| Task |
Which lines of the entries below hold the word "released"? Report each of them.
──────── Given records
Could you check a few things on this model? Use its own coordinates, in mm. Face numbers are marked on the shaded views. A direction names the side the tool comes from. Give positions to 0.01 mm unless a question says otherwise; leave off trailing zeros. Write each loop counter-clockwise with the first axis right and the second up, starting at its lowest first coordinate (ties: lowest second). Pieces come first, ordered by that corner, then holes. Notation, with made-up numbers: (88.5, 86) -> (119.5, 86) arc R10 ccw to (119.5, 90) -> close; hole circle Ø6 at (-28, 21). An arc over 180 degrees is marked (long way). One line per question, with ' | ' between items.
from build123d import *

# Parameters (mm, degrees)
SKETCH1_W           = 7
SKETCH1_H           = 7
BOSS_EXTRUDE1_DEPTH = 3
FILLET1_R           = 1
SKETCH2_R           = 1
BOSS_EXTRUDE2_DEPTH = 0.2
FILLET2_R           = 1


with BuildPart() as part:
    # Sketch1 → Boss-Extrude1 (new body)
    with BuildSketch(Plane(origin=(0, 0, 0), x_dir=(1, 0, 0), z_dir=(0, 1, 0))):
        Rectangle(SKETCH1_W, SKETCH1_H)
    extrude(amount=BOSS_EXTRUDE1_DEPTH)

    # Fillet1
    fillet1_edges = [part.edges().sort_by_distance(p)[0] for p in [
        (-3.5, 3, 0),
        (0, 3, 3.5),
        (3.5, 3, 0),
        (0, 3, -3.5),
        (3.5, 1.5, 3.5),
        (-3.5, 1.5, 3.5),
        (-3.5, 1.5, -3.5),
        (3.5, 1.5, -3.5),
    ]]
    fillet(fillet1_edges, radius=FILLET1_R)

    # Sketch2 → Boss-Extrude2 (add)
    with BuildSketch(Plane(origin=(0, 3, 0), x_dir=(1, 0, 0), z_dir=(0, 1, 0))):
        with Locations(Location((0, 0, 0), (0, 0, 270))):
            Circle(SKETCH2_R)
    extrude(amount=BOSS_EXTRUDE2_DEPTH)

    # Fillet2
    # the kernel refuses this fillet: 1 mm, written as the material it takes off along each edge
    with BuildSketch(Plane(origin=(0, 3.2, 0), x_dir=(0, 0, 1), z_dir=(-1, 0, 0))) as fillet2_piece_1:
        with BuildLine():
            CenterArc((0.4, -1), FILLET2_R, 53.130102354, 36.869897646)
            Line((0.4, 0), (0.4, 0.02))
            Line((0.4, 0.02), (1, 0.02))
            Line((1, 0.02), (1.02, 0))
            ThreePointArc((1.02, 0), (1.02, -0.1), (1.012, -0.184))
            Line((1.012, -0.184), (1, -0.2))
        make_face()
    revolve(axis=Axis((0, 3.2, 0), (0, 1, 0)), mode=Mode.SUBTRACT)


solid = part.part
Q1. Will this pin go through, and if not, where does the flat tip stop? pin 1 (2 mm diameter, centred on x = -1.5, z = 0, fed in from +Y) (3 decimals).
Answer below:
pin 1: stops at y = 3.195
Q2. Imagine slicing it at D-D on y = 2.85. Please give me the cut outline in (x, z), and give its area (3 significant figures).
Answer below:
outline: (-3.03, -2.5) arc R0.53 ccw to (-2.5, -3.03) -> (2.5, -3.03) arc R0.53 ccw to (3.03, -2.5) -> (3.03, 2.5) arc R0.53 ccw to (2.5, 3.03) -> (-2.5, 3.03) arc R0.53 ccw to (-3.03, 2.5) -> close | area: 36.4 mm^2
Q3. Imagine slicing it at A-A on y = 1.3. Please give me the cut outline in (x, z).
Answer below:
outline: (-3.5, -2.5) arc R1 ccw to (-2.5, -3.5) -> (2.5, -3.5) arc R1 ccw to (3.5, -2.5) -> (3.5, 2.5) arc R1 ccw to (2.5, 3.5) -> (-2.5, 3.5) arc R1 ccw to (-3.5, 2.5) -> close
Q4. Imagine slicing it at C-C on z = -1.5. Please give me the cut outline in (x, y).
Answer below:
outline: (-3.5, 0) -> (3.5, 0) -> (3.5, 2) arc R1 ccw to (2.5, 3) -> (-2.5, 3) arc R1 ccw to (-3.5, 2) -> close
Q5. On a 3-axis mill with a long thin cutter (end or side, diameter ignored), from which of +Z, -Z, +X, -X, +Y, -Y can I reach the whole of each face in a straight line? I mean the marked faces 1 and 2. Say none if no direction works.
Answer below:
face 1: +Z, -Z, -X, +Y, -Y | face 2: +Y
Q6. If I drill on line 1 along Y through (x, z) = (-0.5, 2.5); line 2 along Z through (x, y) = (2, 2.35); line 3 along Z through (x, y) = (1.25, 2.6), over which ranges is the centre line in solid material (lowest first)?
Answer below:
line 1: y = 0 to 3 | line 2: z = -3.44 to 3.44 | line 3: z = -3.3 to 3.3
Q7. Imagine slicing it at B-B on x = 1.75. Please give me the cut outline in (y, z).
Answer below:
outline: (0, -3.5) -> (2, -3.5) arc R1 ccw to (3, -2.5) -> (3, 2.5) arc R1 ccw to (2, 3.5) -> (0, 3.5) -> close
────────────────
──────── Given records
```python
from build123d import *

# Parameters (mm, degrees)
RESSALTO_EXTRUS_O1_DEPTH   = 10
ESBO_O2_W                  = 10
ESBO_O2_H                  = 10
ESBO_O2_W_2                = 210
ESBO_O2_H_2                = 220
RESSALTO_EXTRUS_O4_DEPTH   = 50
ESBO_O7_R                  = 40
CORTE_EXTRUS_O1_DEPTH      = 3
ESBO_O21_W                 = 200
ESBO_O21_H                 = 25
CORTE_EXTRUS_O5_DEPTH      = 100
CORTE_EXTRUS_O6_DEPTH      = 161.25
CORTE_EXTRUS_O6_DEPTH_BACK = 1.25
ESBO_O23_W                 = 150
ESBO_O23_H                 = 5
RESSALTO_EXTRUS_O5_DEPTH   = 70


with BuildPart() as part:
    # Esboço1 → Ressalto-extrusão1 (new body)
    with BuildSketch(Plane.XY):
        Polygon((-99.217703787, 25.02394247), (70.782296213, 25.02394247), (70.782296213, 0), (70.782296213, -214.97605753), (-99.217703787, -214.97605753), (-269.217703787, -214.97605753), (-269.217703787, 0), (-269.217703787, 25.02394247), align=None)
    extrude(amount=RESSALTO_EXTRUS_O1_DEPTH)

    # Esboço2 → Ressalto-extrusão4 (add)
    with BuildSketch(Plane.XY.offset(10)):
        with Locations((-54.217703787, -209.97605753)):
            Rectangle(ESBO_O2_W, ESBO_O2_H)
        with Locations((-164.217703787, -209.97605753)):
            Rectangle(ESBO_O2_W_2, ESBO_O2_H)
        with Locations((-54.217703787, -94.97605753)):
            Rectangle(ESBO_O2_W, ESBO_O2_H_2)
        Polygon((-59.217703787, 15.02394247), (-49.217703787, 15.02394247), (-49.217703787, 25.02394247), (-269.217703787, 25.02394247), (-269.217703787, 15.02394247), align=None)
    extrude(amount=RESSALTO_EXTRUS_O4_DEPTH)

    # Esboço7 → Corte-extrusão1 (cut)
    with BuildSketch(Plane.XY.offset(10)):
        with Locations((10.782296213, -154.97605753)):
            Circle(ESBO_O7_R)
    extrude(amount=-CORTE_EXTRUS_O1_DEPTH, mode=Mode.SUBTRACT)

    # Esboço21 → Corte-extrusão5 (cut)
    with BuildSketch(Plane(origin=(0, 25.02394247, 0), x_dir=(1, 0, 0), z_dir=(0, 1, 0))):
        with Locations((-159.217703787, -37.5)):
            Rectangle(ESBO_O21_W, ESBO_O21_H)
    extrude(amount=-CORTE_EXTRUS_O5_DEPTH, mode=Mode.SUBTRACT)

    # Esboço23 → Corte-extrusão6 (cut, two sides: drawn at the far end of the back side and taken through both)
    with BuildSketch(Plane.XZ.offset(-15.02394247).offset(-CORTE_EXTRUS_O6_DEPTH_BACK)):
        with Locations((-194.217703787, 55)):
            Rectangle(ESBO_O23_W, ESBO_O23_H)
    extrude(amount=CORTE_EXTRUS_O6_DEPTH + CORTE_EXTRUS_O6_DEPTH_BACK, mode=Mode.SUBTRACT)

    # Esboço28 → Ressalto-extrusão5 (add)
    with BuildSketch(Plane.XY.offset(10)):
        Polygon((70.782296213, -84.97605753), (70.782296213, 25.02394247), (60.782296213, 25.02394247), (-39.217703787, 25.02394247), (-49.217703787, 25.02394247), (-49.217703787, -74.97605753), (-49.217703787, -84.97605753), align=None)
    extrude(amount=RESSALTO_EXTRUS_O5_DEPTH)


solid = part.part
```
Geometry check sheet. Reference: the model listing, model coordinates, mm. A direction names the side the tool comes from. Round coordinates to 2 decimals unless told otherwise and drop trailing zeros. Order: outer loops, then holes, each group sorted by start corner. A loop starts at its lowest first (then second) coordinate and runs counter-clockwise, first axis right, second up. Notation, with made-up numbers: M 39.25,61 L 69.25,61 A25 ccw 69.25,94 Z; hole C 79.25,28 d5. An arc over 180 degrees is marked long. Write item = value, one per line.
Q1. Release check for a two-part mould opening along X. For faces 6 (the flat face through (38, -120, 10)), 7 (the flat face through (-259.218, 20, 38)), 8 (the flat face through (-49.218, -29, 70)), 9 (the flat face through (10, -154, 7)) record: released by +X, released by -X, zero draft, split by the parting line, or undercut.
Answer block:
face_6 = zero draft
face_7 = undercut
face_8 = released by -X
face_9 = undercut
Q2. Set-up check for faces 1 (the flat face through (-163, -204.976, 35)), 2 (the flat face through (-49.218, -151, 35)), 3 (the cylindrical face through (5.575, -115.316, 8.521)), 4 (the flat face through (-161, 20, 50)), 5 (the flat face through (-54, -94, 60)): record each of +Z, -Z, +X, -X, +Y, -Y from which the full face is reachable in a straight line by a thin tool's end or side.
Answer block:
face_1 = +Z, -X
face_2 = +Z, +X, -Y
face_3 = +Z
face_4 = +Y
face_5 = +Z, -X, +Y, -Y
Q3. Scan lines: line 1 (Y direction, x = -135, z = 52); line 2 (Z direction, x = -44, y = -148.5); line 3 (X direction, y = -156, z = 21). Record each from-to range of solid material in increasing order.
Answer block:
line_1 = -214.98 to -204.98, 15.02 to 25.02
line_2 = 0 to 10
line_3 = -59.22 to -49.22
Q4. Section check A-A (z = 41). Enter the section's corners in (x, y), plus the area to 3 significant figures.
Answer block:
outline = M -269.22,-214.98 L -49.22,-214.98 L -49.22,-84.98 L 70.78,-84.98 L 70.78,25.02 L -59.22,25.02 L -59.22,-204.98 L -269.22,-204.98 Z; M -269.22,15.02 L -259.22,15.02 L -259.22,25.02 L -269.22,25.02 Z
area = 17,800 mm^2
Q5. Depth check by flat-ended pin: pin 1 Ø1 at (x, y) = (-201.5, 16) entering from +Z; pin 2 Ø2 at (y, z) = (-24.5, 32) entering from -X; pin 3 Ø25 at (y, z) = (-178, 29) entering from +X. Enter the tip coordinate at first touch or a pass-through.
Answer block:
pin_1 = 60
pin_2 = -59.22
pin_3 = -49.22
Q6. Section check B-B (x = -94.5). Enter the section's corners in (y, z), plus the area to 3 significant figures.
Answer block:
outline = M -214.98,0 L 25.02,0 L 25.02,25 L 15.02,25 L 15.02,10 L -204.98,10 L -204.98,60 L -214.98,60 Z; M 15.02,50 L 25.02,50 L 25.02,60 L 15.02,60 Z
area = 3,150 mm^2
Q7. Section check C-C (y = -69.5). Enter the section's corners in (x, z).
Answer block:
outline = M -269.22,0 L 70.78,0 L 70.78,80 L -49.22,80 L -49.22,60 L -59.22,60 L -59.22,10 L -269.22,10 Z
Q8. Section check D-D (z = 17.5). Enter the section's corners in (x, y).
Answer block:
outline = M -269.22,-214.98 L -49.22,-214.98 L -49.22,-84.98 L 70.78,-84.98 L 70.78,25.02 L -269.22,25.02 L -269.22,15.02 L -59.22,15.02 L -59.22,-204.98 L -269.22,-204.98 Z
────────────────
──────── Given records
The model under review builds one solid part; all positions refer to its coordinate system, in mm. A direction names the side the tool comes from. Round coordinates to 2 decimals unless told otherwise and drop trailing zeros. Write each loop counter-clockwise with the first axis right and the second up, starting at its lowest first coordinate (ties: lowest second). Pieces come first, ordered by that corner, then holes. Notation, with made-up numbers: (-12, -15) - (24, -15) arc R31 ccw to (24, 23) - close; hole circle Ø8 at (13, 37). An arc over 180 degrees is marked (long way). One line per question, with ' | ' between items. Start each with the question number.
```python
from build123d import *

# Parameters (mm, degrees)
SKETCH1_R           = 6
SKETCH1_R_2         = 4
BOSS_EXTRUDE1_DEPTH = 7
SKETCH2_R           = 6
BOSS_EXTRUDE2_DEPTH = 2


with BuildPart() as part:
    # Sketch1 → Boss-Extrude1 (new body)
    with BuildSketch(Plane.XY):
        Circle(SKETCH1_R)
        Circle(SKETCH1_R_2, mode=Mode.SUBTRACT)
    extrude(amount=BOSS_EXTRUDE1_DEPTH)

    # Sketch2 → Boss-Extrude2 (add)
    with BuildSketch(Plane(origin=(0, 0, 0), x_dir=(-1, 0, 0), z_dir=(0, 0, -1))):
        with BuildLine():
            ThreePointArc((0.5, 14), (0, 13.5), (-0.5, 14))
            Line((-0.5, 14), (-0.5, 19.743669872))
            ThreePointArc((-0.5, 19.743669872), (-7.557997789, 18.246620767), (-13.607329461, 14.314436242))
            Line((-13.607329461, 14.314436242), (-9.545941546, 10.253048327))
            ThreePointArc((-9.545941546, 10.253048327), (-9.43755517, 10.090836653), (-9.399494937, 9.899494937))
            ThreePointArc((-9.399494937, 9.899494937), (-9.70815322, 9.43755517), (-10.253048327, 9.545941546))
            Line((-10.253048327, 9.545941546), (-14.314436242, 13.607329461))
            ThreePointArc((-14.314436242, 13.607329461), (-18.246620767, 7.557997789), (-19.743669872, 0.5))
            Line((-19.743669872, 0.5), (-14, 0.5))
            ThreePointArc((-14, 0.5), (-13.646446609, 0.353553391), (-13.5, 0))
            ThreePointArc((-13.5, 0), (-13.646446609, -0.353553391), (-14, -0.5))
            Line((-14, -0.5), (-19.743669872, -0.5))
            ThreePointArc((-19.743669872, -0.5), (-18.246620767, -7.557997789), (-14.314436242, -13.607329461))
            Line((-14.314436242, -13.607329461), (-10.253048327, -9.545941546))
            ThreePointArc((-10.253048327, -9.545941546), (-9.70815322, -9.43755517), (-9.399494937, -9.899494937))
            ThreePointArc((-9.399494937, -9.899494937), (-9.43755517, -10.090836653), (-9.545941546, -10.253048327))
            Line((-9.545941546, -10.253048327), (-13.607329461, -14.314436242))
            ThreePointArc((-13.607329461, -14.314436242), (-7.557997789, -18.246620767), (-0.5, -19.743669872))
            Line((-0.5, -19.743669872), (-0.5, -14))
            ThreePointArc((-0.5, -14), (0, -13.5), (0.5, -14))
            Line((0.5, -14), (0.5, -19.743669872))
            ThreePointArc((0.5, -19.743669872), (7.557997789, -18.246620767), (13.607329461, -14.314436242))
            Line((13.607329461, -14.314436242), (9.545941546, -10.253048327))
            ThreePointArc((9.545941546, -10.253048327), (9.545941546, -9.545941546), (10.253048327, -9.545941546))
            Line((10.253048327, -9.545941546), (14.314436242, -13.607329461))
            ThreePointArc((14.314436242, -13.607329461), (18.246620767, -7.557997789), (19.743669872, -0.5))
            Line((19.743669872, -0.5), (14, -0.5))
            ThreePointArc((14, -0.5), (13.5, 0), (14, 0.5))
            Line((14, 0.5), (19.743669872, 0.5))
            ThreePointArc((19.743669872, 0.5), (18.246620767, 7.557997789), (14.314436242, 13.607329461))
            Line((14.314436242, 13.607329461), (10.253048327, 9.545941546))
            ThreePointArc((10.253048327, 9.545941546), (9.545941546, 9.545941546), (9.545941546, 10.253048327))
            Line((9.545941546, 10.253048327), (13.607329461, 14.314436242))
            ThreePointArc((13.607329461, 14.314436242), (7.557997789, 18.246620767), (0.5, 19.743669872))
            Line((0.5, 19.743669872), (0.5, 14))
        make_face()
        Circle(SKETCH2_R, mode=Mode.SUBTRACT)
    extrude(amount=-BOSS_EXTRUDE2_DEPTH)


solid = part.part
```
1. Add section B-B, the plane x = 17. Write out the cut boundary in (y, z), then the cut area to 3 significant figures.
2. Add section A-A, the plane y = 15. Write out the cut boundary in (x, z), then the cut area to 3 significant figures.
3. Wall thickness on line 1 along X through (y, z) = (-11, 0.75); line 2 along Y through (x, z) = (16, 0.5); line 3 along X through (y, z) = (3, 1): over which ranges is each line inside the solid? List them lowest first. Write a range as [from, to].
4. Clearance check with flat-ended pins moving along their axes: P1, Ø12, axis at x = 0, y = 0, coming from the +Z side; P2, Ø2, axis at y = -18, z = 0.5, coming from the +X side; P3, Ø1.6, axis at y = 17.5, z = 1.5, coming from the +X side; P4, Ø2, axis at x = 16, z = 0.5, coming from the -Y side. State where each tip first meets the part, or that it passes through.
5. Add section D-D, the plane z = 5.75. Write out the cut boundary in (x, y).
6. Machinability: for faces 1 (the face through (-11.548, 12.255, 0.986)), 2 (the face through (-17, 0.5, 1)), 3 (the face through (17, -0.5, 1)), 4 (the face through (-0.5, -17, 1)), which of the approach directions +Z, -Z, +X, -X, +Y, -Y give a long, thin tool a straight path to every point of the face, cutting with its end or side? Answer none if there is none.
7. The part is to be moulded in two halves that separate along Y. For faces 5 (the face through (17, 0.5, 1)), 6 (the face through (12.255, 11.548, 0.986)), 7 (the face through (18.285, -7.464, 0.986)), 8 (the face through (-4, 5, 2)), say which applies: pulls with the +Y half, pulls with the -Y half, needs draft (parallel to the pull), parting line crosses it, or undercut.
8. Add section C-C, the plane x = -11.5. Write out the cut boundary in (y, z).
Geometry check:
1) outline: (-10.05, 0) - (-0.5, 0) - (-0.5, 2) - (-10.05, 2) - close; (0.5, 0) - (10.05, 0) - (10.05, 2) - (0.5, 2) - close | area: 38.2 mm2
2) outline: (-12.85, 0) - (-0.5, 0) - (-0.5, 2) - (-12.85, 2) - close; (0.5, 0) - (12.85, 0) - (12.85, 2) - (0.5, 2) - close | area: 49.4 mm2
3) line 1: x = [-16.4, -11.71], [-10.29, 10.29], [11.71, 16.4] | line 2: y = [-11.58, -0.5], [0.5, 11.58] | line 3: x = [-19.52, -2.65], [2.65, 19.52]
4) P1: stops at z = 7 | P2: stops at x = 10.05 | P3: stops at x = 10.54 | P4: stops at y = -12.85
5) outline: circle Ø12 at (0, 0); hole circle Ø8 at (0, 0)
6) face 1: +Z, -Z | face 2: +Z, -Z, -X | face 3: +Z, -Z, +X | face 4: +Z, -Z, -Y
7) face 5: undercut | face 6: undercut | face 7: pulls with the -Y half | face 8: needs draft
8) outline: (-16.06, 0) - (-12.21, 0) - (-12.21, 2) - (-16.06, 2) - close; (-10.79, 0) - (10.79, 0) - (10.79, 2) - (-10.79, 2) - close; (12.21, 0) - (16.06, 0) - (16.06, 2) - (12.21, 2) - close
────────────────
| Exercise solution |
Q1. Release check for a two-part mould opening along X. For faces 6 (the flat face through (38, -120, 10)), 7 (the flat face through (-259.218, 20, 38)), 8 (the flat face through (-49.218, -29, 70)), 9 (the flat face through (10, -154, 7)) record: released by +X, released by -X, zero draft, split by the parting line, or undercut.
face_8 = released by -X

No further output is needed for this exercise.